The following are a few quotes written by Dr. Laura Schlessinger from her book, Ten Stupid Things Couples Do to Mess Up Their Relationships, that might bring some clarity to this matter:

— “PRIVACY is something you ‘give’ someone out of respect. SECRECY is something you ‘withhold’ from one another.”

— “PRIVACY is when you want to go to the bathroom or pick your nose without your spouse looking —or try to buy them a gift without them knowing. SECRECY is when you feel guilty about something that you can’t tell your spouse.”

— “PRIVACY in marriage is your own personal space. In this, there is trust and respect. The other partner is aware of this space and respects it without intrusion. We all need a little private time to ourselves; otherwise we’d go nuts! SECRECY is destructive in marriage —it’s a lack of trust and respect. This is something the other partner is unaware of, and in essence, it’s a lie.

— PRIVACY is having some quality time or spiritual time alone. SECRECY in a marriage can be a form of deceit.”

— “PRIVACY is the withholding of info concerning yourself, the disclosure of which would be of no benefit to the partner, and which you don’t wish to share. SECRECY, on the other hand, is the withholding of info that may have an effect on the well being of the partner. This effect may be financial, spiritual, physical, or mental. PRIVACY is acceptable. SECRECY is not.”

Explanation of Secrecy

Below is another explanation of secrecy written by Jack in the article, Privacy Vs. Secrecy in a Marriage. (Jack had a “secret” affair. Since that time, he has worked to be open, and has changed his ways, which brought healing to his marriage.) Here’s an excerpt of some of what he has learned:

SECRECY:

It is the act of keeping things hidden —that which is secret goes beyond merely private into hidden. While secrecy spills into privacy, not all privacy is secrecy. Secrecy stems from deliberately keeping something from others out of fear. Secrets consist of information that has a potentially negative impact —emotionally, physically, or financially. The keeper of secrets believes that if they are revealed either accidentally or purposefully, the revelation may cause harm to the secret-keeper and those around him or her.

Some secrets seem small but slowly erode trust. Fear of a spouse’s reaction can cause us to begin to hide something that we purchased or to say that we were at the office when we were with friends. A distance will begin to grow between us, and our spouse, bit by bit… Other secrets can wreak havoc on the very foundation of a relationship. These secrets are actions, beliefs or parts of ourselves that we deliberately keep hidden out of fear of its impact. Affairs, drug and alcohol use, sexual orientation or fetishes are examples of secrets that could have disastrous consequences if discovered. Secrets of this nature erode trust and security and create a chasm that makes it difficult for a couple to feel close and truly connected.

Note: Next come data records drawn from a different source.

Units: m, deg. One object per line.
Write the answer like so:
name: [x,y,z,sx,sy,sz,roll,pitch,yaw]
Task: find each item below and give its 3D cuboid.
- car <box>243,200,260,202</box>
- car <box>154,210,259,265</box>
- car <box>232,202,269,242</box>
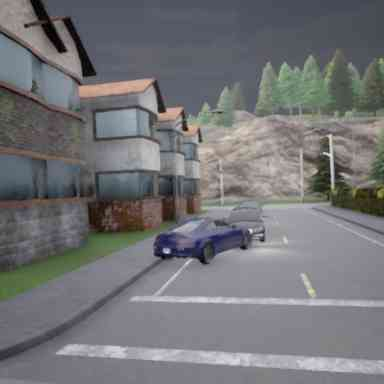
car: [4.786,1.413,26.828,1.882,1.535,5.008,-3,0,12]
car: [0.541,1.627,12.302,1.812,1.442,4.674,-3,-1,36]
car: [2.653,1.515,16.350,1.837,1.490,4.892,-3,0,12]

A person who is holding secrets will begin to create a false persona that they will hide behind in order to keep the secret hidden. When secrets of this nature are discovered or revealed they shake the underpinnings of a relationship and create feelings of betrayal, vulnerability, and insecurity in one’s partner.

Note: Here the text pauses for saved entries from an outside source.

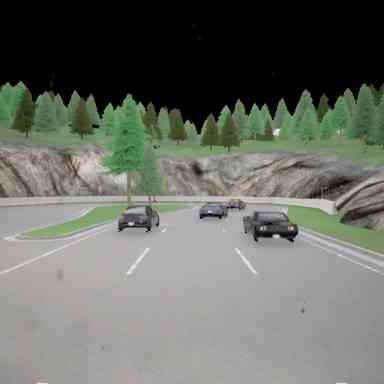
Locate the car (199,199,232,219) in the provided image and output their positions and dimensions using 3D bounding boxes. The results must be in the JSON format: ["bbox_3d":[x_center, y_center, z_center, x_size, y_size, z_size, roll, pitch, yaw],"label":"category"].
[{"bbox_3d":[1.964,1.564,29.050,1.994,1.385,4.181,0,0,14],"label":"car"}]

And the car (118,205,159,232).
[{"bbox_3d":[-3.128,1.526,20.022,1.812,1.442,4.674,0,0,3],"label":"car"}]

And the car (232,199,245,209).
[{"bbox_3d":[5.506,1.547,41.900,2.033,1.411,5.357,0,0,16],"label":"car"}]

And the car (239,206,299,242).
[{"bbox_3d":[3.699,1.601,16.495,1.895,1.301,4.718,0,0,2],"label":"car"}]
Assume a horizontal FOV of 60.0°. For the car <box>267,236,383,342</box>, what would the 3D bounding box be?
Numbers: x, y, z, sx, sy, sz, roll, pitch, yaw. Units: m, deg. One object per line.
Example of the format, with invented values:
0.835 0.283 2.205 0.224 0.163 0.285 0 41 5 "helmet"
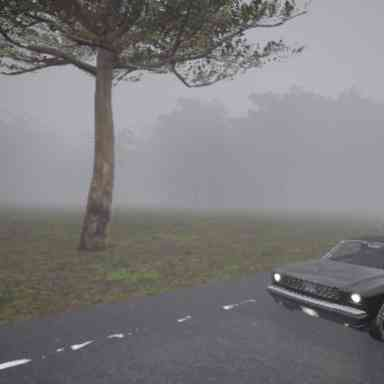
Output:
3.698 1.621 6.623 4.718 1.301 1.895 0 0 -35 "car"

In marriage, the Bible teaches us to cleave together “as one.” It is extremely troublesome to have secret cell phones, usernames, and passwords. It’s also problematic when one spouse doesn’t tell the other when he or she meets up or chats privately with someone else. Secrets are for people who are not in a covenant marriage.

If you desire to honor your vows, strive to be as open and upfront with your spouse as you can. There should be no room made for secrecy and hiding in a relationship.

“People who conceal their sins will not prosper, but if they confess and turn from them, they will receive mercy.” – Proverbs 28:13

 For there is nothing hidden that will not be disclosed, and nothing concealed that will not be known or brought out into the open. – Luke 8:17

As you strive to improve your marriage avoid secrecy and embrace the habit of honesty and transparency.